Le groupe audiovisuel reproche à Youtube de bénéficier de recettes budgétaires dont elle-même se dit privée par la mise en ligne de ses contenus sur la plateforme d’hébergement, et va par la même occasion l’accuser de concurrence déloyale et parasitaire. Sur ces derniers points, le TGI a retenu :

-           que les journaux télévisés ou émissions de téléréalité ne sont pas vendus en DVD et qu’ainsi aucune perte de vente de vidéos n’était démontré ;

-          que les visionnages des autres vidéos ne durent que quelques minutes sur la plate-forme, n’étant ainsi pas assimilable au visionnage de DVD ou offre VOD ;

-          L’absence de contrefaçon de marque, l’usage commercial des logos n’étant pas réalisé.

A noter que le TGI respecte dans le cas présent la jurisprudence de la Cour de cassation, qui avait reconnu le statut d’hébergeur à Dailymotion (Cass. Civ. 17 février 2011).

Par ailleurs, la Cour de justice de l’Union Européenne a rendu en début d’année un arrêt sur le filtrage dans lequel elle affirme qu’il n’est pas admissible qu’une instance judiciaire impose à un hébergeur une obligation générale de suppression des fichiers illicite qu’il héberge, ceci étant susceptible de porter atteinte aux droits fondamentaux des utilisateurs.

Néanmoins, outre-Rhin la Haute Cour Régionale de Hambourg a retenu le 20 avril dernier une solution inverse en ordonnant à Youtube de filtrer les vidéos envoyées par les internautes.

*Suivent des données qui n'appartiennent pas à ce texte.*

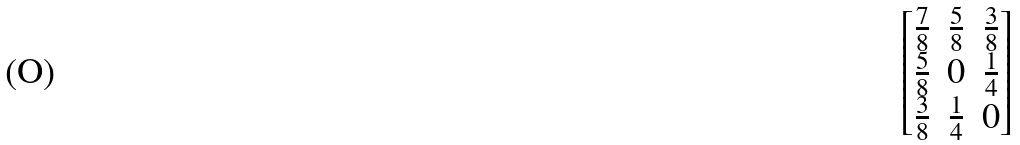<formula> <loc_0><loc_0><loc_500><loc_500>\begin{bmatrix} \frac { 7 } { 8 } & \frac { 5 } { 8 } & \frac { 3 } { 8 } \\ \frac { 5 } { 8 } & 0 & \frac { 1 } { 4 } \\ \frac { 3 } { 8 } & \frac { 1 } { 4 } & 0 \end{bmatrix}</formula> 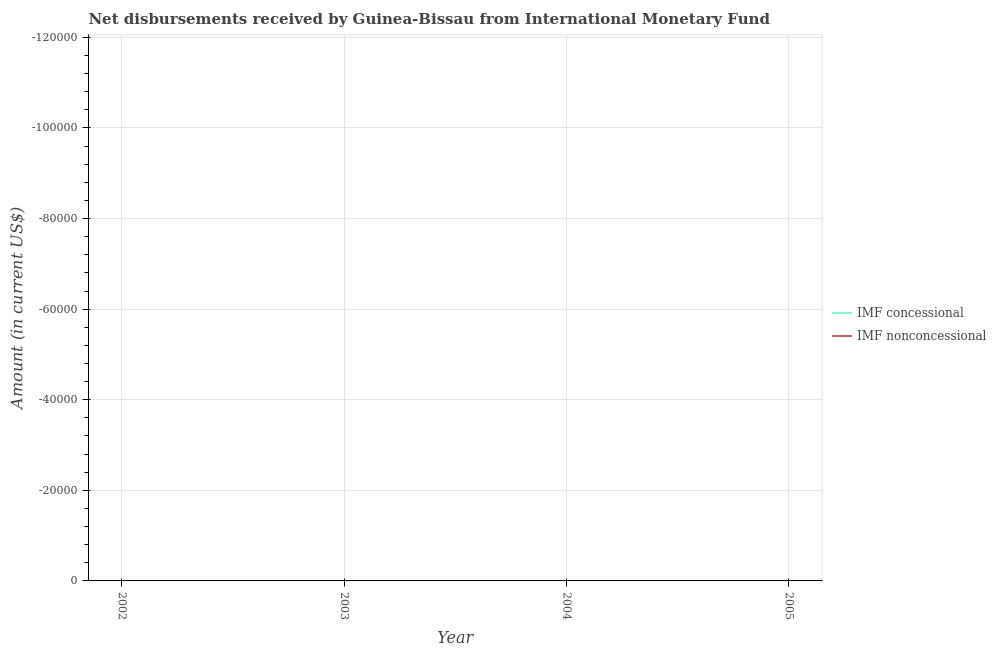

Rappelons que c’est la CJUE qui, dans un arrêt du 23 mars 2010, a déterminé les deux critères permettant à un prestataire technique de bénéficier du régime de responsabilité limité des hébergeurs : (i) être un intermédiaire entre le fournisseur de contenu et le public et (ii) être neutre vis-à-vis du contenu.

L’activité exercée doit donc avoir un caractère « purement technique, automatique et passif » et ne doit pas permettre « la connaissance ni le contrôle des informations transmises ou stockées » ; excluant de facto toute mesure de filtrage.

La responsabilité des hébergeurs n’est pas pour autant exclue. Ceux-ci sont en effet tenus de procéder « promptement » aux retraits des contenus manifestement illicites qui leurs sont notifiés.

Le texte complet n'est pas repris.